My second idea would be to insert in bulk.

//---- SNIPPET FROM YOUR EXAMPLE
INSERT INTO Nodelist with (rowlock) (ParentNode, CommandID, PatternID)
VALUES(@ParentID , @CmdID , @PatID)

---//

Instead:

try inserting in the following manner.... Pseudo code below

create table nodelist (
NodeID int identity (1,1) not null
, ParentNodeID int null
, CommandID int not null
, PatternID int null
)

declare @i int
select @i = 1

while @i < (select max(patterngroupid) from pattern)
begin

insert into nodelist (parentnodeid, commandid, patternid)
select
null as parentnodeid
, patternpart as commandid
, null as patternid
from
pattern
where
patterngroupid = @i


select @i = @i + 1
end


I haven't worked out any of the CASE statements needed to generate parentnodeid and patternid, but I can help more if needed.


Sincerely,

jbkayne

BTW, I too work in Seattle. Let's grab a beer sometime after work!

Go to Top of Page

AndrewMurphy
Master Smack Fu Yak Hacker

2916 Posts

Posted - 2004-05-27 : 05:51:43
Skipping through the obvious requirement that going set-based should be far better than your cursor, one presumes that you have proper indices built on the relevent tables to support the joins/where conditions....what's the execution plan like on the CURSOR definition...can you post it?

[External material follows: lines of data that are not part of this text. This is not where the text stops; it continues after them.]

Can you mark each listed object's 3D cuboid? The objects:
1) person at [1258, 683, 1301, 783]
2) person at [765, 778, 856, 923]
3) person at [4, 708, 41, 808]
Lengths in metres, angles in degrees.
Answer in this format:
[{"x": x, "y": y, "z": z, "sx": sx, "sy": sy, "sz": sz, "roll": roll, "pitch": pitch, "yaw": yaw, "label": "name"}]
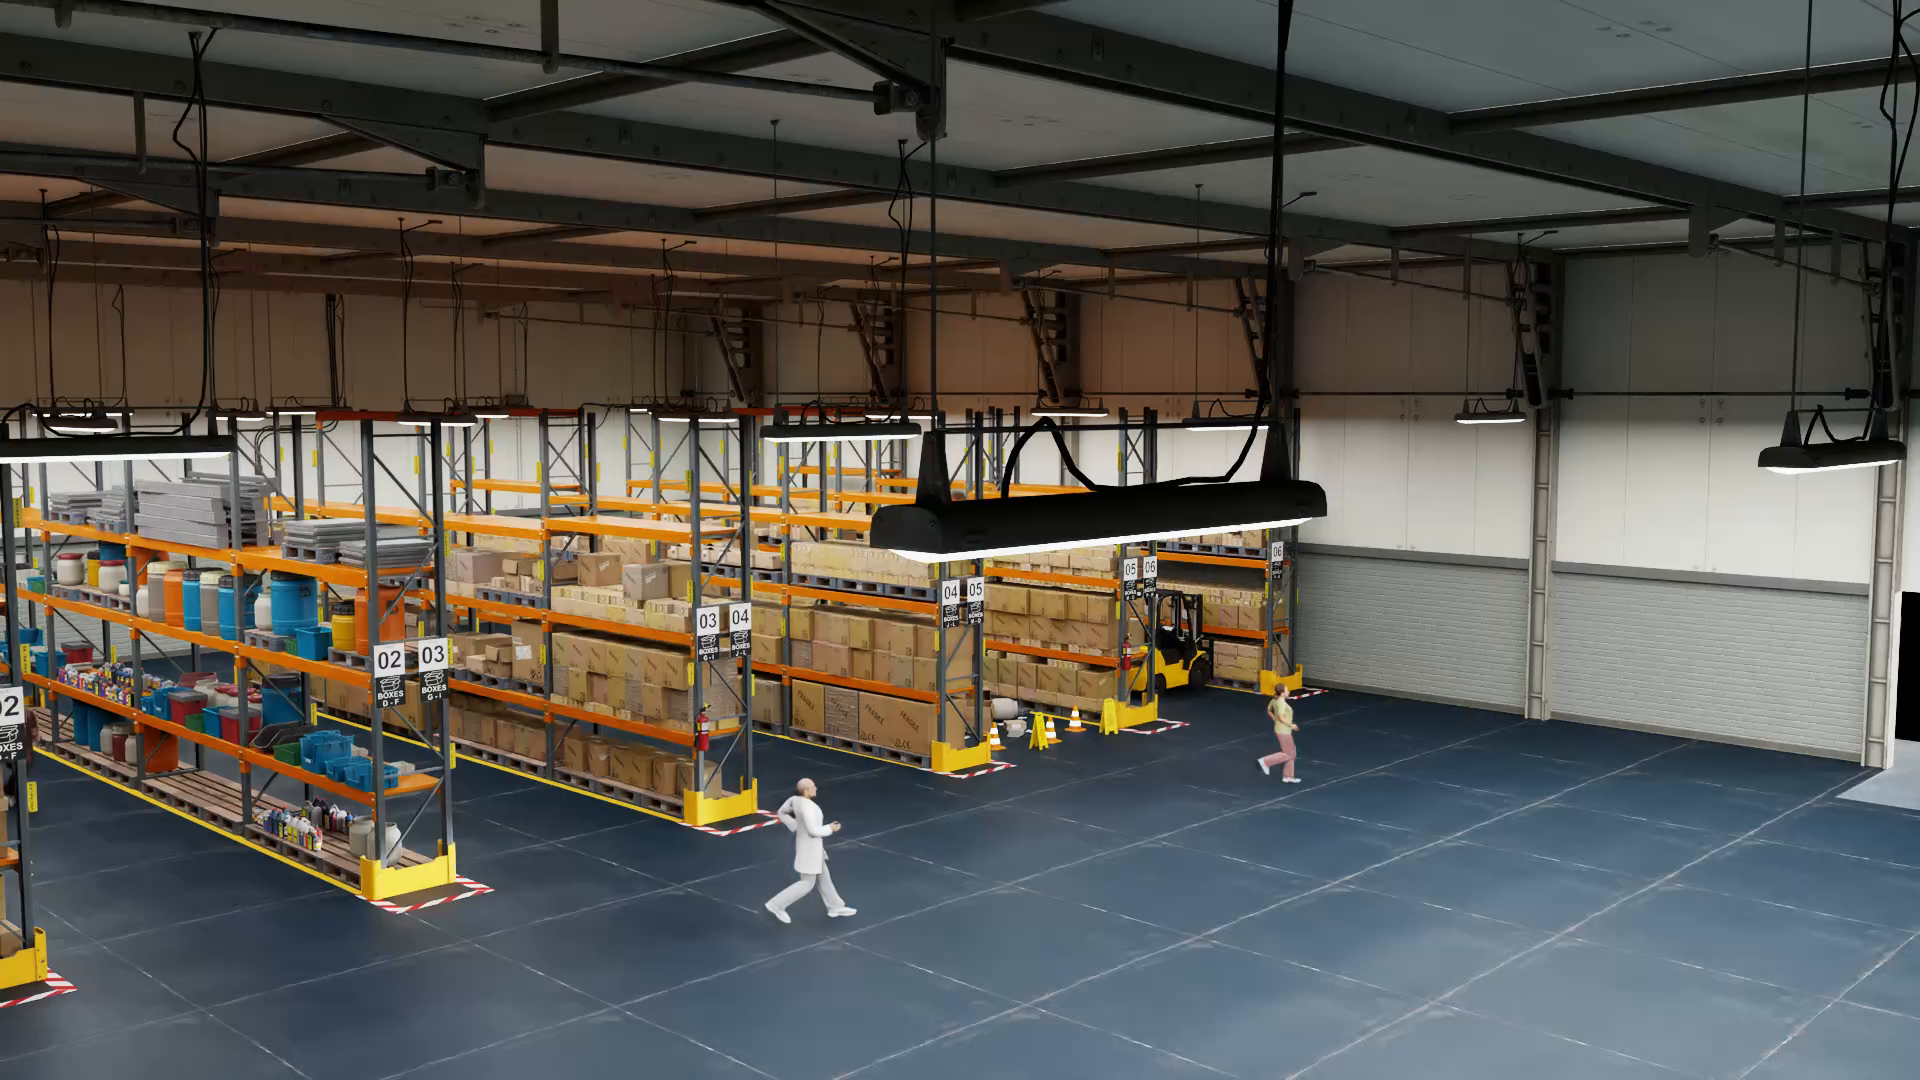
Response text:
[{"x": 5.184, "y": 3.133, "z": 26.981, "sx": 0.731, "sy": 1.641, "sz": 0.579, "roll": -1, "pitch": 5, "yaw": -6, "label": "person"}, {"x": -1.769, "y": 3.717, "z": 19.737, "sx": 1.154, "sy": 1.648, "sz": 0.727, "roll": -2, "pitch": 5, "yaw": -19, "label": "person"}, {"x": -14.345, "y": 3.210, "z": 25.341, "sx": 0.696, "sy": 1.751, "sz": 0.680, "roll": 3, "pitch": 6, "yaw": 32, "label": "person"}]

also note...that the (NOT) LIKE condition may be the true source of the problem in that (as far as I remember) won't support/use ANY index...and will be a real performance killer....

can you define the unwanted records any better (ie in a way that avoids the use of the LIKE statement and in particular the LIKE statement with a % in the 1st character of the comparison string)?



As an FYI....AjarnMark also lives/works in Seattle....I met up with him last year when I brought 2 soccer teams from Ireland to Seattle....slowly but surely the virtual community/world of SQLTeam.com is establishing physical links.
Go to Top of Page

SMerrill
Posting Yak Master

206 Posts

Posted - 2004-05-27 : 13:52:54
I am inspired enough to change course ... thanks!

This database is called a "Behavior Pattern Recognition System", and I am normalizing a multi-line record set, and recognizing patterns in the behavior.
It is up to me to recognize if a set of commands is a unique permutation of CommandIDs. If it is, I wish to create and assign a new PatternID. If it is not, I wish to look up the PatternID.
At any rate, thanks to your help, my new inspiration is to make it like your first idea up front.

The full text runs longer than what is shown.